Discourse analysis has been described as an interdisciplinary study of discourse within linguistics, though it has also been
adopted (and adapted) by researchers in numerous other fields in the social sciences. Theoretical perspectives and
approaches used in discourse analysis include the following: applied linguistics, conversation analysis, pragmatics, rhetoric,
stylistics, and text linguistics, among many others.

GRAMMAR AND DISCOURSE ANALYSIS

Unlike grammar analysis, which focuses on the singular sentence, discourse analysis focuses instead on the broad and
general use of language within and between particular individual groups of people. Also, grammarians typically construct the
examples they analyze while analysis of discourse relies on the writings of many others to determine popular usage.

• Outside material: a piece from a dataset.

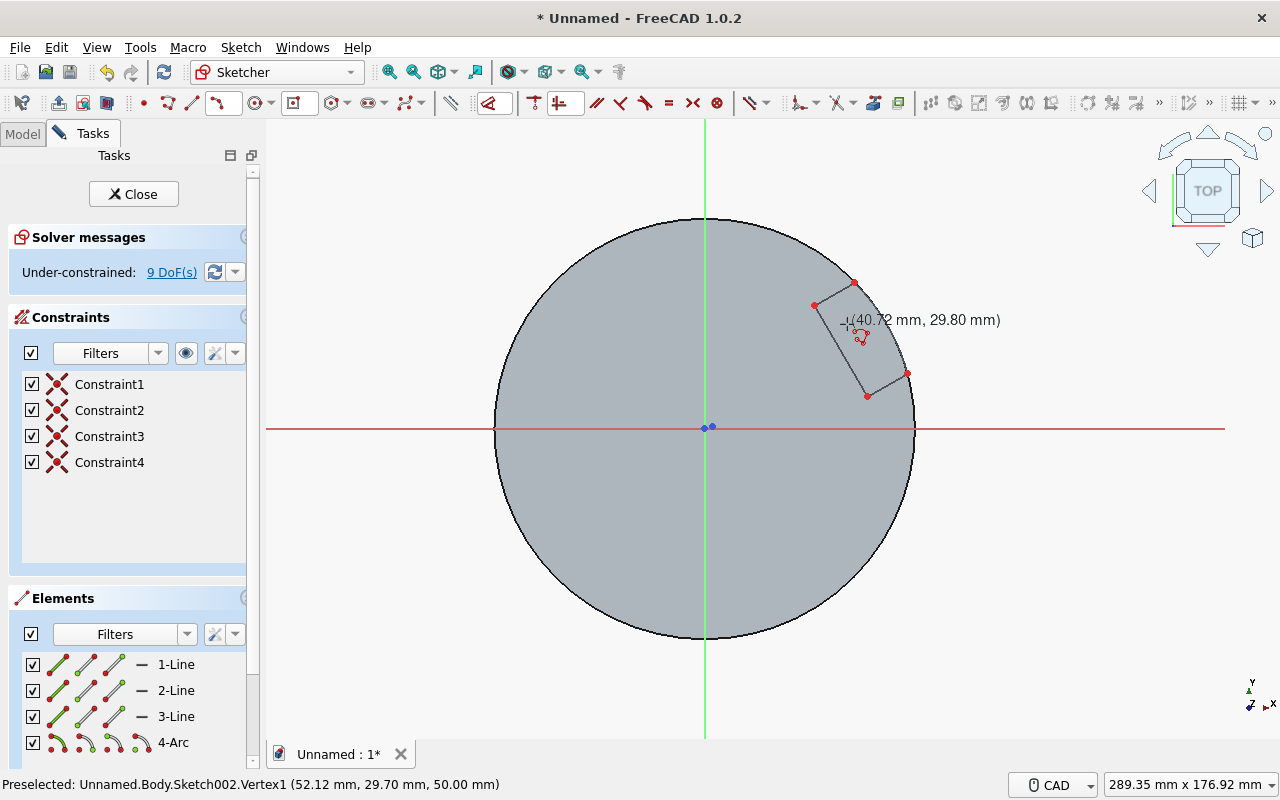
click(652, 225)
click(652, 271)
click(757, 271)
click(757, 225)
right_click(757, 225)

G. Brown and G. Yule observe in "Discourse Analysis" that the titular field rarely relies on a single sentence for its
observations, instead gathering what's known as "performance data," or the subtleties found in audio recordings and
handwritten texts, which may contain "features such as hesitations, slips, and non-standard forms which a linguist like
Chomsky believed should not have to be accounted for in the grammar of a language."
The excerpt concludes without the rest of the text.